Es könne "nichts Gutes herauskommen", warnt EU-Parlamentarier Reimon. Auch Vorarlbergs Landeschef Wallner ortet eine Entwicklung, "die man nicht mittragen kann".
Die Grünen fordern einen Tag nach der Veröffentlichung bisher geheimer Dokumente über das umstrittene Freihandelsabkommen TTIP den sofortigen Abbruch der Verhandlungen. "Schon die Verhandlungsziele sind falsch", sagte EU-Parlamentarier Michel Reimon am Dienstag. "Das Abkommen ist nicht zu retten, es kann für Europa nichts Gutes herauskommen", so Reimon. Aufgrund des Verhandlungsmandats der EU-Kommission, das von allen 28 EU-Staaten unterzeichnet worden sei, stehe fest, in welche Richtung TTIP gehen soll.

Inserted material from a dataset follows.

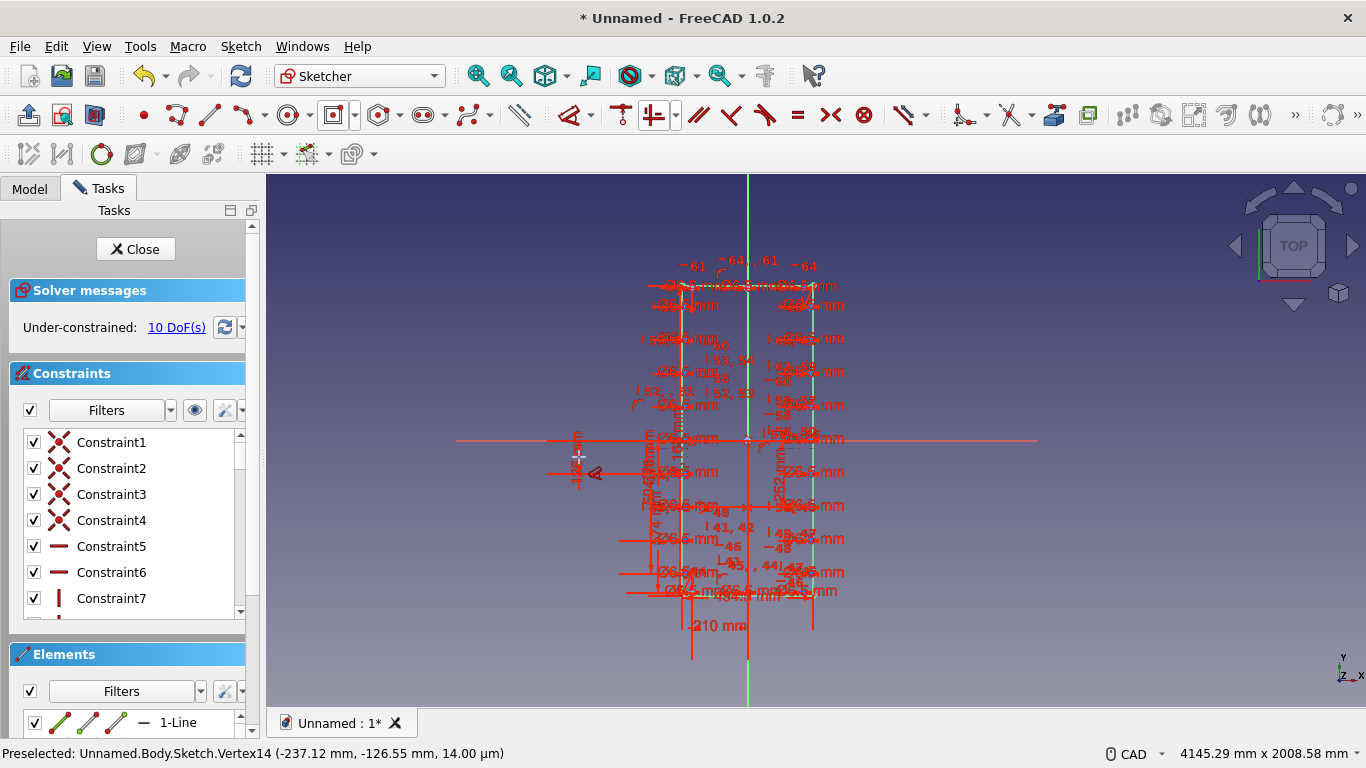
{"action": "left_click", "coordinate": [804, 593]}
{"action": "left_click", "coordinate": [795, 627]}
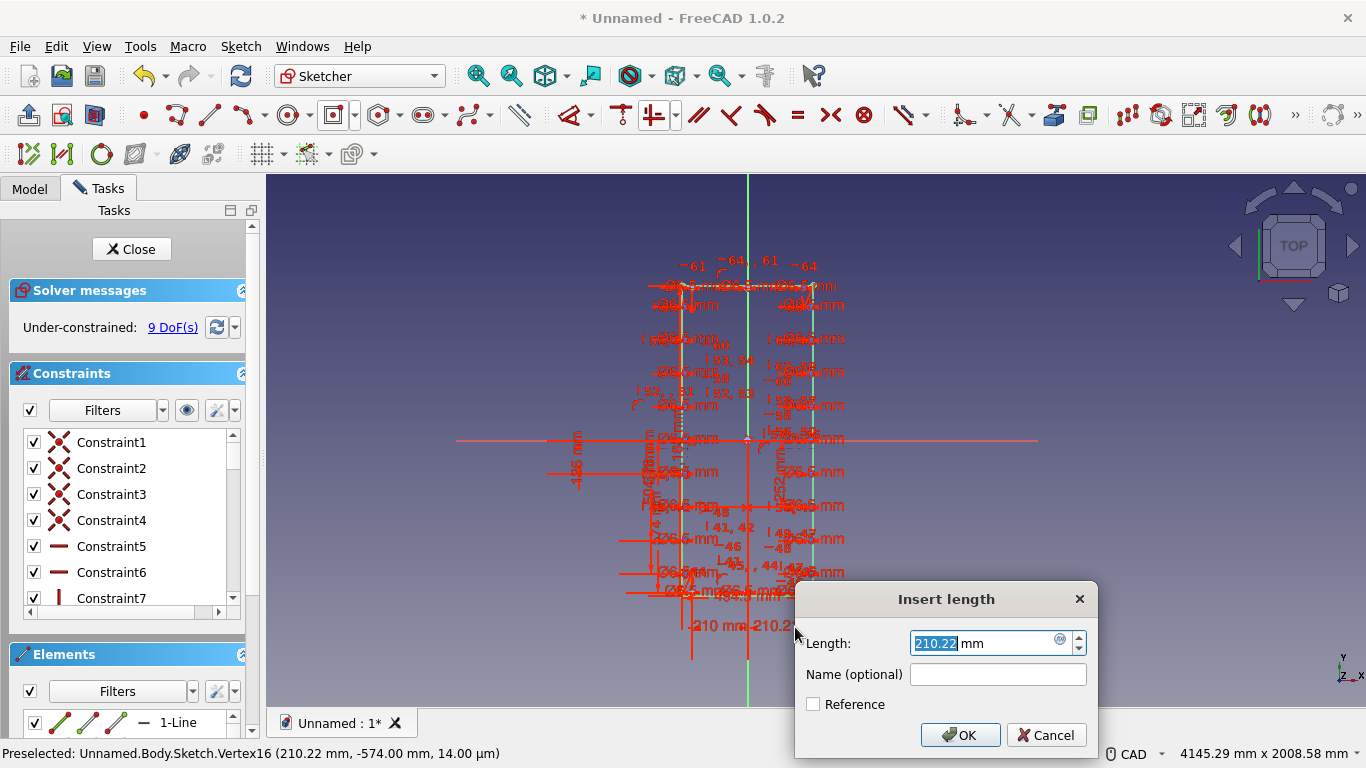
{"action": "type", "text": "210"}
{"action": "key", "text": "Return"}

Laut Reimon wollen nicht nur die Amerikaner europäische Standards bei Lebensmitteln (Stichwort Chlorhühner) und Umweltschutz aufweichen. Auch die Europäer lobbyierten für das Aufbrechen strenger amerikanischer Standards etwa am US-Automarkt. "Die europäische Industrie versucht, die hohen amerikanischen Dieselnormen zu senken. Ist das tatsächlich im europäischen Interesse?"
Im Finanzmarktbereich hätten die USA nach der Pleite der Investmentbank Lehman Brothers harte Regulierungen durchgesetzt. "Europäische Banken und Versicherungen dürfen immer noch Produkte verkaufen, die in den USA seit 2008/09 verboten oder streng reguliert sind", so Reimon. Und auch zum streng regulierten Beschaffungsmarkt der US-Bundesstaaten ("buy local") wollten die europäischen Industriekonzerne Zugang.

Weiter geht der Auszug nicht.